Militari della guardia di finanza  (foto di repertorio)

Militari della guardia di finanza (foto di repertorio)

Firenze, 25 settembre 2017 - Mondo universitario sotto choc per l'arresto ai domiciliari di sette docenti universitari in un'inchiesta che parte da Firenze. Tra le ipotesi di reato c'è la corruzione. Altri 22 sono stati colpiti dalla misura dell'interdizione dalle funzioni di professore universitario e da quelle connesse ad ogni altro incarico accademico per la durata di 12 mesi. Complessivamente risultano indagate 59 persone. «Si dimostra il totale spregio del rispetto del diritto proprio da professori che sarebbero deputati ad insegnare il valore di esso», scrive nell'ordinanza il gip Angelo Antonio.

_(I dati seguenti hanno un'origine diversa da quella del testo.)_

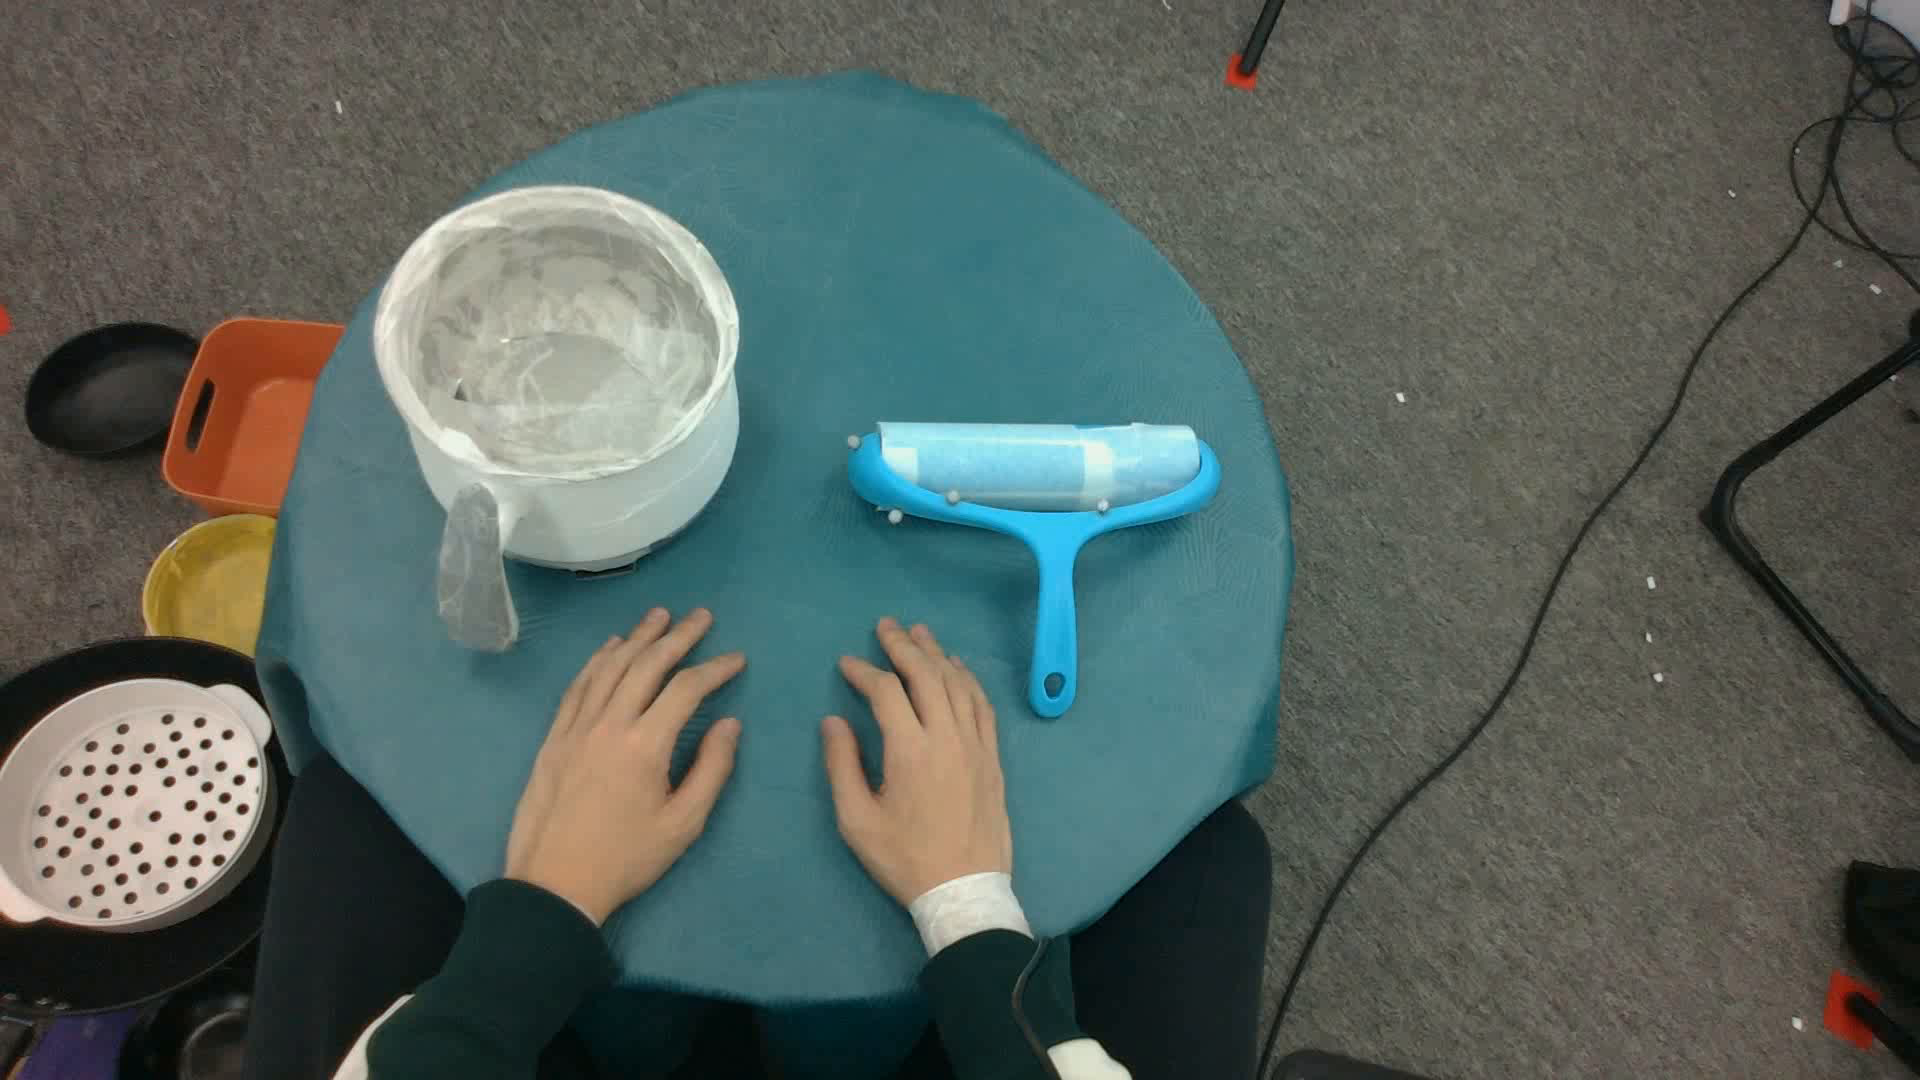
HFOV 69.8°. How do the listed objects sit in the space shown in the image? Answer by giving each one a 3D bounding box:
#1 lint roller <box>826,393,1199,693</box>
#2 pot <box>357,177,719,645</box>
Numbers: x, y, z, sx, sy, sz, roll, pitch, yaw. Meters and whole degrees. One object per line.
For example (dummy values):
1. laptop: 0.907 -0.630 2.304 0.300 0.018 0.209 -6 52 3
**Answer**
1. lint roller: 0.044 -0.005 0.811 0.229 0.067 0.181 -5 66 -14
2. pot: -0.228 -0.063 0.743 0.179 0.136 0.234 15 63 -2
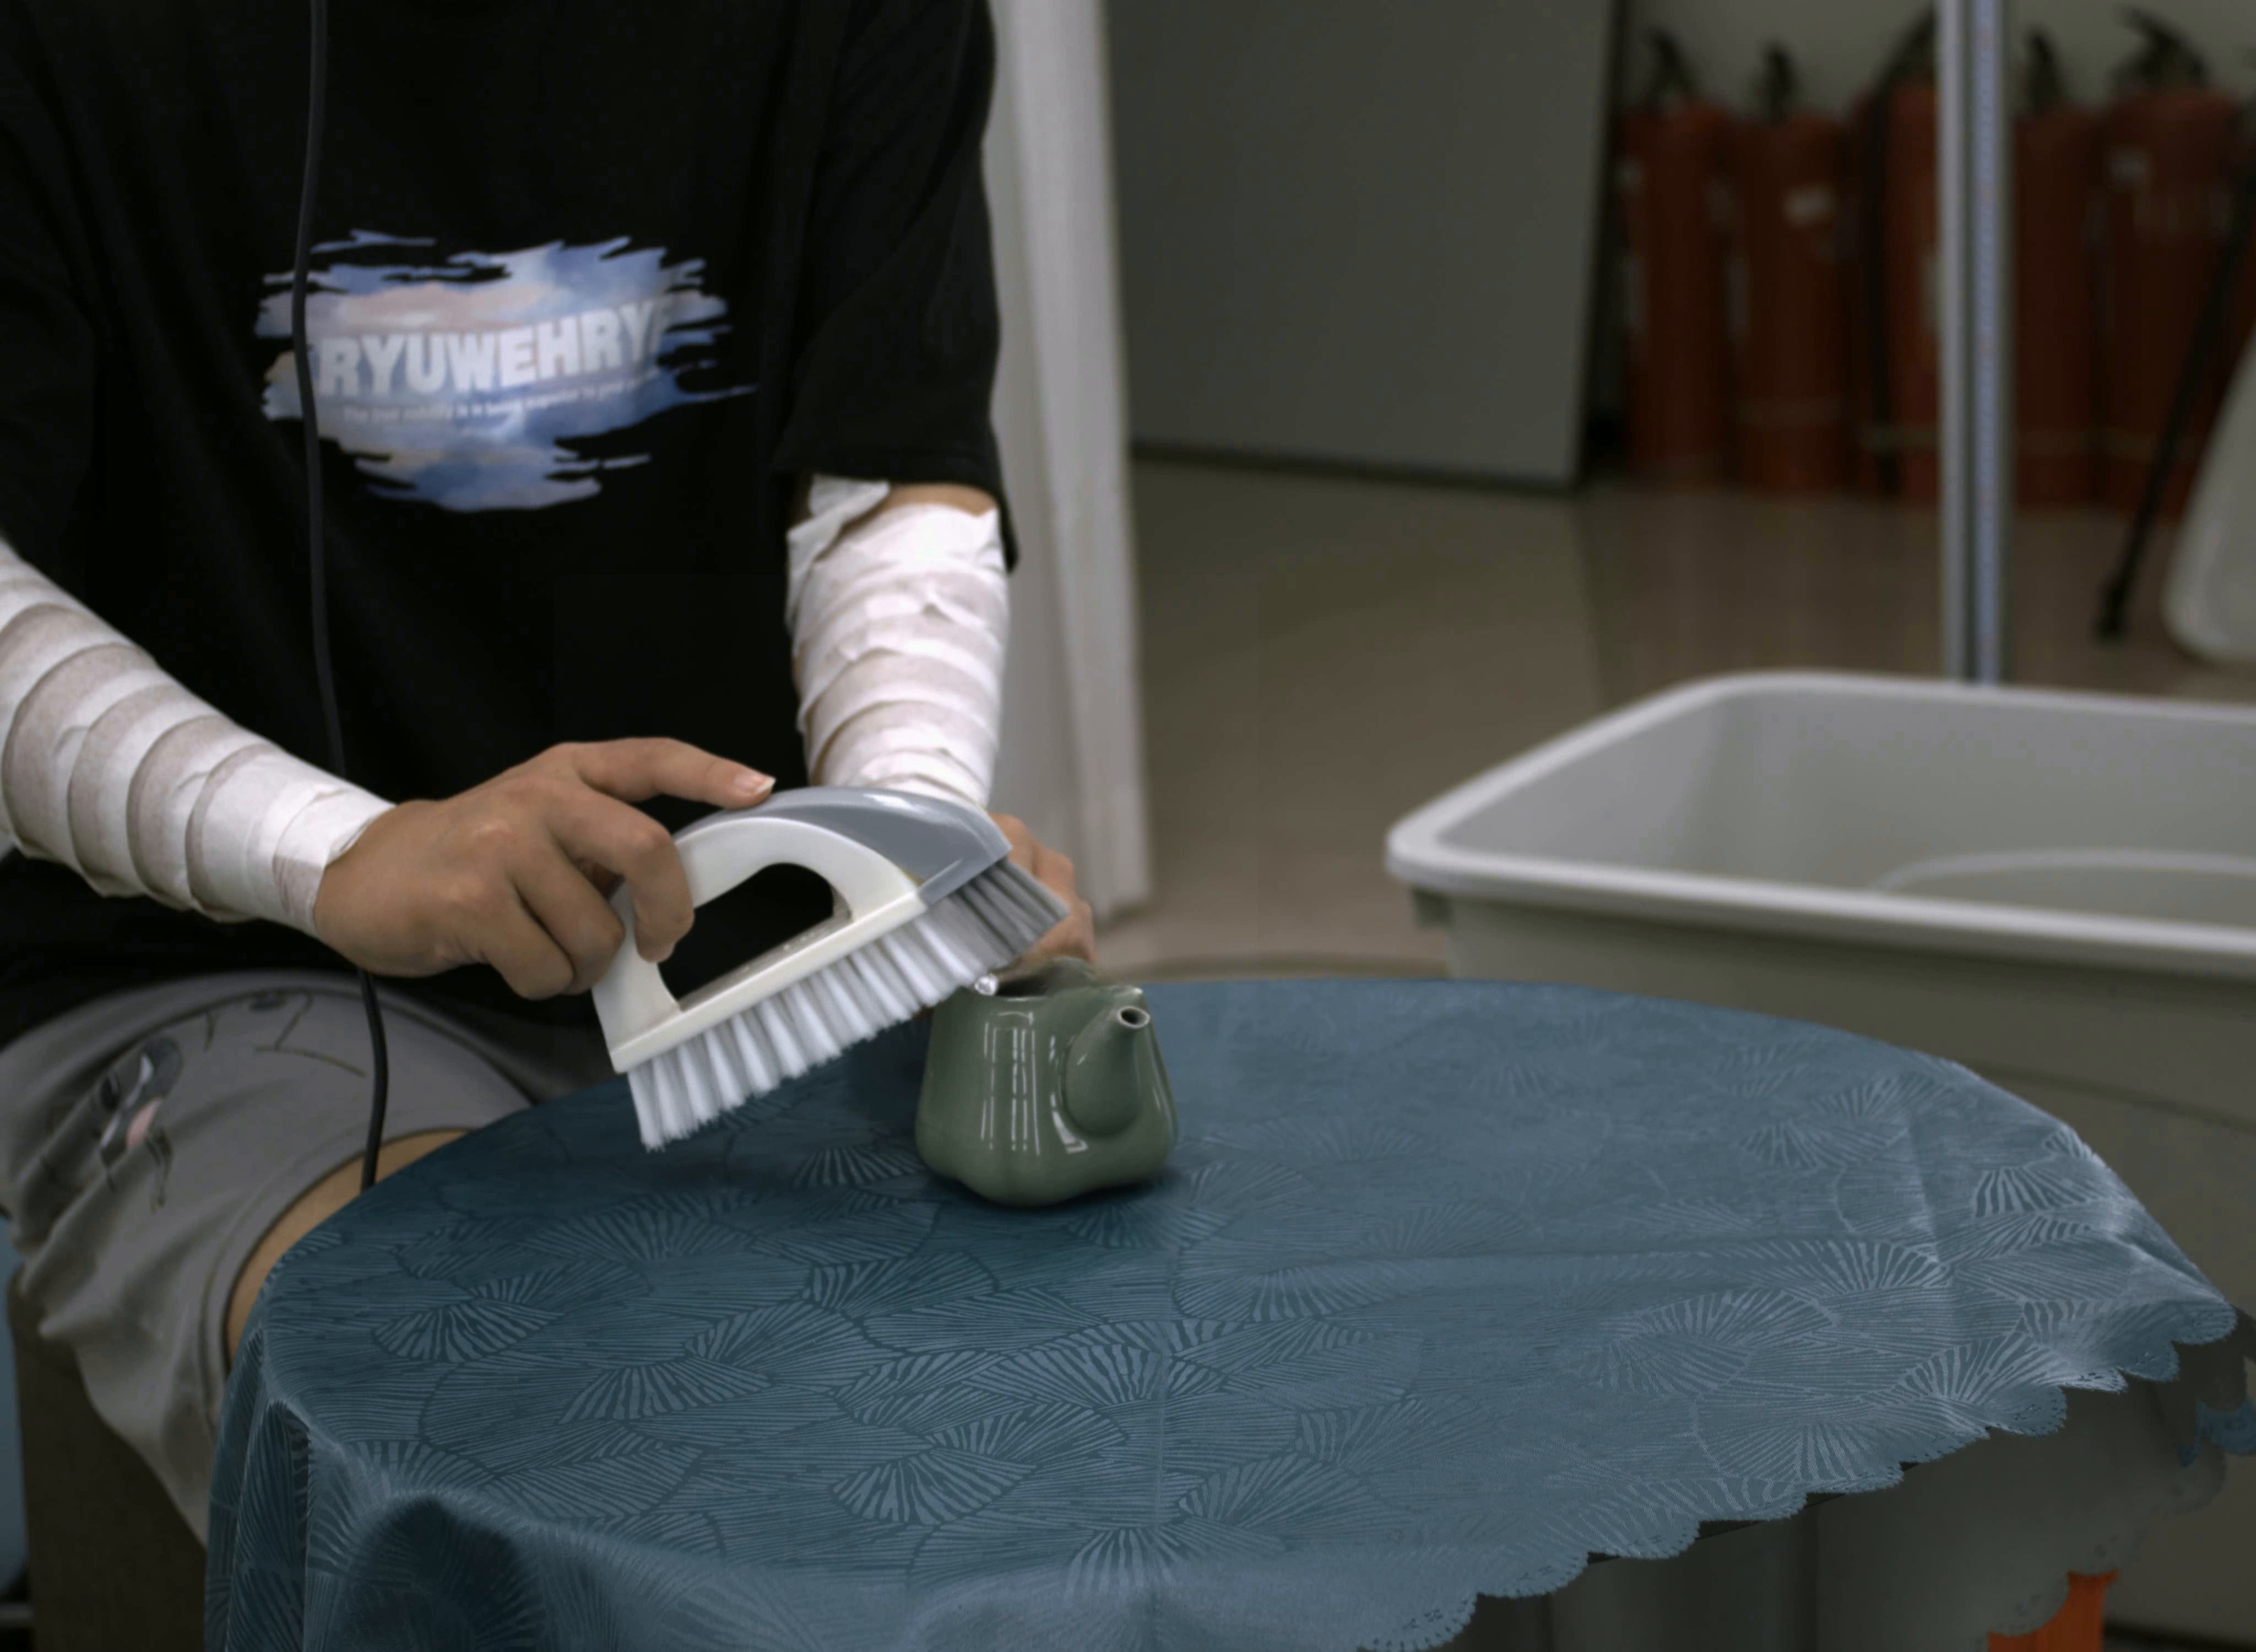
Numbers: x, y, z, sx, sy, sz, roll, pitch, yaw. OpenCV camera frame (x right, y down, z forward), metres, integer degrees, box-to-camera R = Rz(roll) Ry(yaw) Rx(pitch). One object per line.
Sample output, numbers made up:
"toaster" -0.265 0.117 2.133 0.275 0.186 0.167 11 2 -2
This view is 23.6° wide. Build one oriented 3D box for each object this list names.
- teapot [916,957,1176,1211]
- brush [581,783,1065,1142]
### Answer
"teapot" -0.028 0.083 1.786 0.078 0.076 0.134 -8 12 -26
"brush" -0.108 0.030 1.781 0.176 0.094 0.061 -26 9 32

CHI SONO E DOVE INSEGNANO I DOCENTI - I sette professori arrestati sono Guglielmo Franzoni, tributarista di uno studio fiorentino e professore a Lecce; Giuseppe Zizzo (Università Carlo Cattaneo di Castellanza, Varese); Fabrizio Amatucci, professore a Napoli; Alessandro Giovannini (docente dell'Università di Siena, originario di Livorno e già ex direttore generale della Provincia labronica dal 2007 al 2011); Giuseppe Maria Cipolla (Università di Cassino); Adriano Di Pietro (Università di Bologna); Valerio Ficari (professore a Sassari, supplente a Tor Vergata-Roma). Insegnano tutti Diritto Tributario. Tra gli indagati risulta anche Roberto Cordeiro Guerra, che insegna Diritto Tributario all'università di Firenze. Il professor Cordeiro Guerra commenta l'inchiesta: "Emergerà la mia buona fede" (LEGGI).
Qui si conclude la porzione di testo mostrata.